As I ended the call and returned Leischneude
l’s cell phone to him, we heard Bill, the stage manager, say over the backstage intercom system, “Places for Act One. Curtain in five minutes. Please take your places for Act One.” He sounded depressed.
“That’s us,” said Leischneudel, donning his elegant Regency frock coat as I opened the door to exit the dressing room. He followed me out into the hallway.
He and I opened the show each night. The play’s first scene portrayed the two of us exchanging letters which established that Aubrey was traveling in Europe with the mysterious Lord Ruthven, whom he’d met at a party in London, while Jane managed her brother’s household back in England. Correspondence between the siblings was one of several ways that this stage adaptation restructured Polidori’s story to make it thriftily accommodate a cast of only four people, as well as minimal scene changes.
As we made our way to the wings, Leischneudel asked me about the man whom I had just used his cell phone to invite to tomorrow night’s performance. “Is Max a friend?”
“Yes, a close friend.”
“A potential boyfriend?” he prodded.
Leischneudel had a sweetheart in Pennsylvania whom he usually saw twice a month, and he was eager to improve his income to the point where he felt he could propose marriage to her. I had met Mary Ann briefly a few weeks ago; a nice, level-headed girl, less pretty than Leischneudel and every bit as polite. Happy in love, Leischneudel wanted to see me having a happy love life, too.
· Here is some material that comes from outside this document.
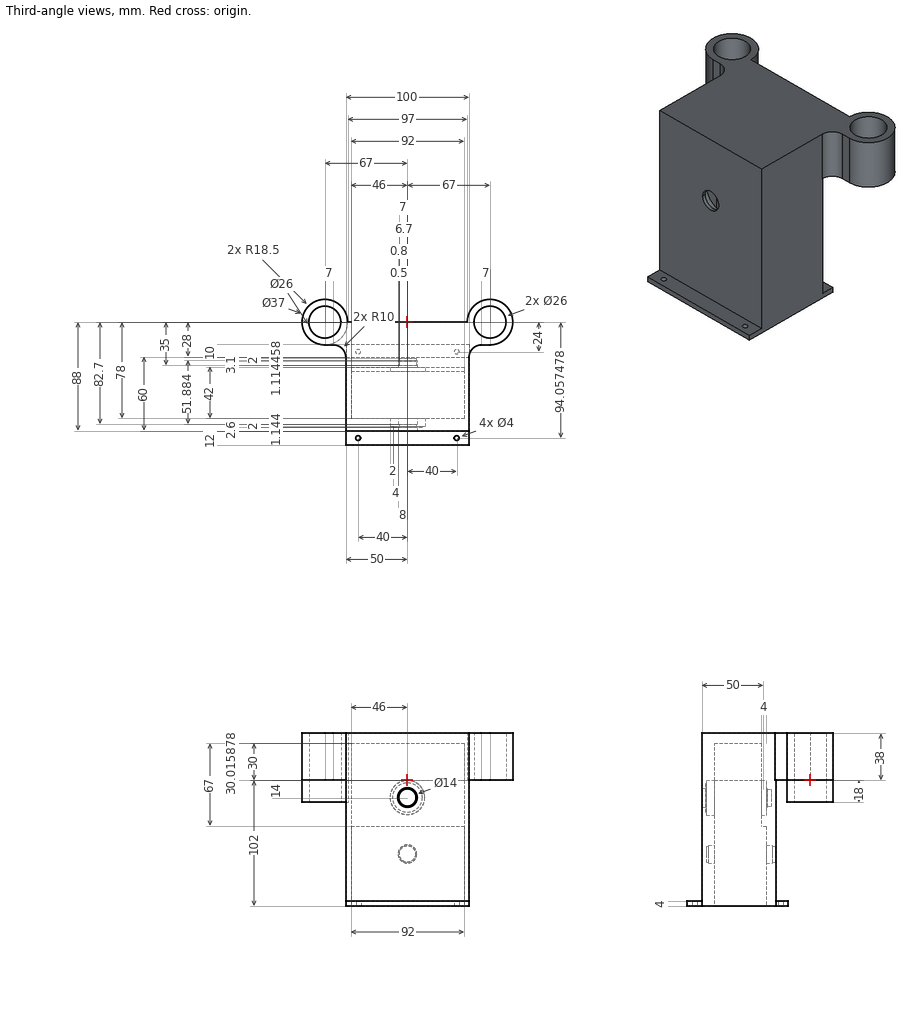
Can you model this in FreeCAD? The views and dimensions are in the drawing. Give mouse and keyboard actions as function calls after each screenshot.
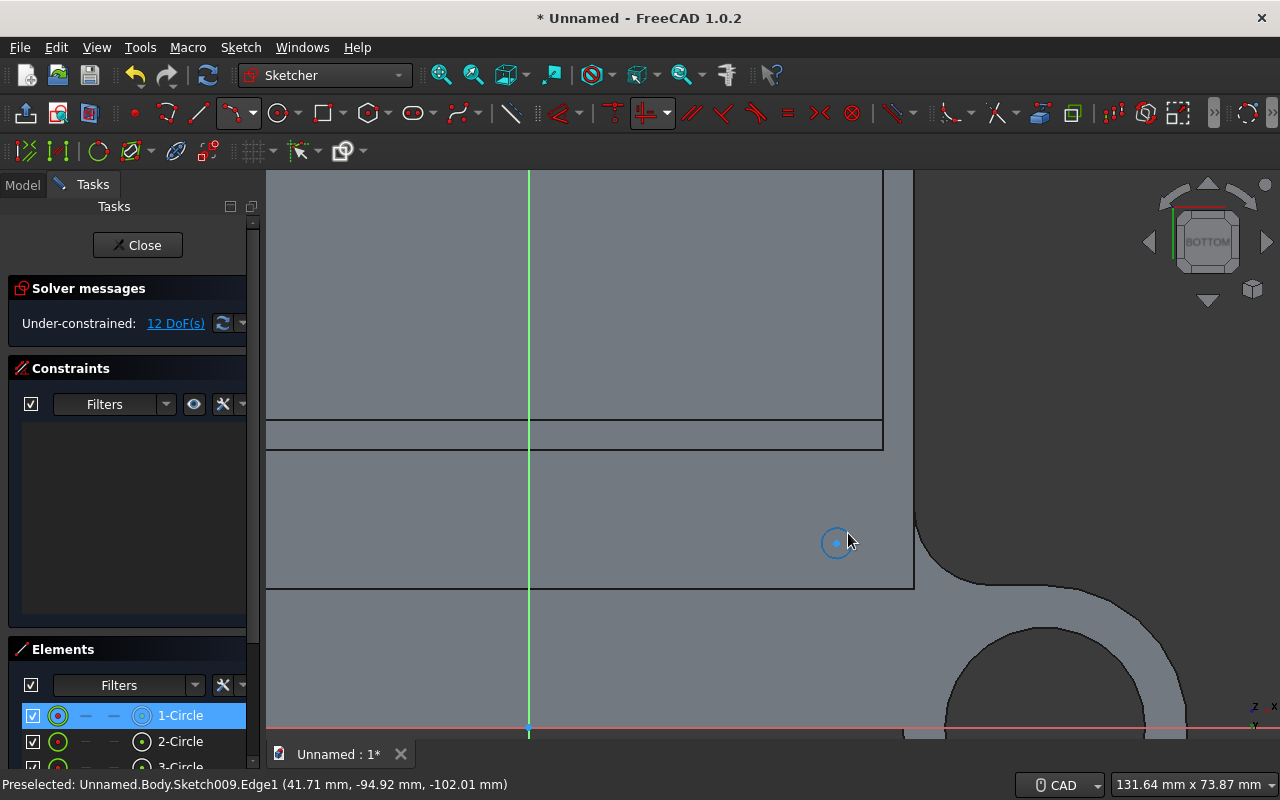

However, given the way that had been going this year—I met someone I really liked, then nearly got him killed twice—I had decided to put romance on the shelf for a while.
“No, Max isn’t boyfriend material,” I said. “He’s, uh, more like an eccentric uncle.”
“He’s older?” Leischneudel guessed.
You have no idea.
“Yes,” I said. “A senior citizen, I guess you’d say—though I rarely think of him that way.”
In fact, although he didn’t look a day over 70, Max was closer to 350, thanks to accidentally drinking a mysterious and never-replicated alchemic potion in his twenties—back in the seventeenth century. The elixir hadn’t made him immortal, but it ensured he’d been aging at an unusually slow rate ever since. Fighting Evil for the past three centuries or so had kept him fairly fit, and constant study and extensive travel had expanded his agile (if sometimes befuddled) mind. His courtly manners, however, did not seem to have changed a great deal since the powdered-wig era.